The command echoed through the night. Not the Raven’s voice. The darkness had never been about the Raven. Sarah could feel him fighting to stop it. To stop her. But the dream’s control belonged to neither of them.
The command to kill was too powerful. Impossible to deny no matter how strong her mind had become. And it was all the Raven’s fault. He’d promised she’d never be here. She’d never become what they wanted her to be.
Sarah fought the drugs and the simulation protocol. The shadows. The dark impulse to kill. She wasn’t doing this. She wasn’t Death. It was just a dream that she should be able to stop, the same way she had last time. But this time she couldn’t halt the inevitable. She’d never be able to, without…
Maddie…
Sarah’s mind reached for her last resort. For her twin’s emotional balance. The opposite of the weak, uncontrollable destruction that Sarah was becoming. But even though Maddie’s mind was there, on the fringes of the dream, she was closed off now. Resisting Sarah’s call. Determined not to let her in ever again.
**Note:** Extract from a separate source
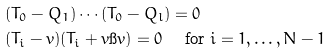Convert formula to latex. <formula><loc_0><loc_0><loc_500><loc_500>& ( T _ { 0 } - Q _ { 1 } ) \cdots ( T _ { 0 } - Q _ { l } ) = 0 \\ & ( T _ { i } - v ) ( T _ { i } + v \i v ) = 0 \quad \text { for $i = 1, \dots, N-1$}</formula>

So, like a good little girl, Sarah triggered Kayla Lawrence’s death. Choking on useless tears, soundlessly screaming, she
painted her host’s dream world with a nightmare programmed by a psychotic master. Then she was trapped, no way out, watching the dream unfold. A lucid nightmare, because her host was awake now. Daydreaming.
Like a captive, horrified conductor, Sarah watched Kayla reach into the bedside table drawer. Remove the gun she’d thought she’d thrown away after waking from last night’s simulation. Check to ensure it was loaded. Smile in satisfaction. Peace. Relief. Seductive emotions that had been planted to give the host a false sense of safety, once everything was in place.
But Kayla was cringing now, aware that something was wrong…straining to regain control from the dream. Failing. Because Sarah’s mind was dutifully pushing the nightmare toward its predesigned end…
The Raven screamed in denial. His wings spread.
Bare tree limbs swayed.
The gun fired.
A scream ripped through the night
.
“No!”
Sarah bolted from her prone position. Upright. Blind. The tug of tubes and embedded wires bit into her arms. Her chest. Her face and scalp.
“Daddy!”
She’d killed him. Her father had been dead forever. But in her shadow dreams she killed him again. Over and over. And this time, she’d taken another life, too.
“Oh, God,” she sobbed. She’d killed him. She’d killed Kayla. She was Death now, just like they wanted.
“Damn it, take her down!” demanded the voice that had refused to let her go.
Sarah’s Raven.
The voice that had called into her darkness and pulled her mind back. Then he’d made her dream. Told her it
was the only way. Her only chance to live again. He’d promised to teach her. Train her. Give her the strength she’d never had before. Make sure she stayed free of the darkness forever.
“What the hell…” He was muttering. But she couldn’t focus on the words. “…doing awake!”
His voice wasn’t echoing through her mind, she realized. He was above her this time, beyond the nightmare. She recoiled. Panicked. Grasped for the clarity that came only with her simulations. But her host was gone. The gentle spirit the Raven had taught her to link with. Kayla was dead. There was nothing out there for Sarah to immerse herself in. Nothing to see, to feel, that wasn’t her own mind or the Raven’s. And she’d never trust him again.
No host. No Maddie. No dreams. Because…
God! I’m awake!
Sarah fought against the arms forcing her down.
“Secure her leads,” the Raven commanded. “Reset audio stimuli.”
Her ears were covered.
The sound of wind and storm and haunted rustling returned. Weakness stole through her veins as the drugs took hold. But their pull was weaker than before. Or was she growing stronger? Was that even possible? She’d been dreaming for so long. Forever. Believing it would free her. Believing the Raven. Performing on command. Meanwhile, she’d been trained to kill, too. To become Death.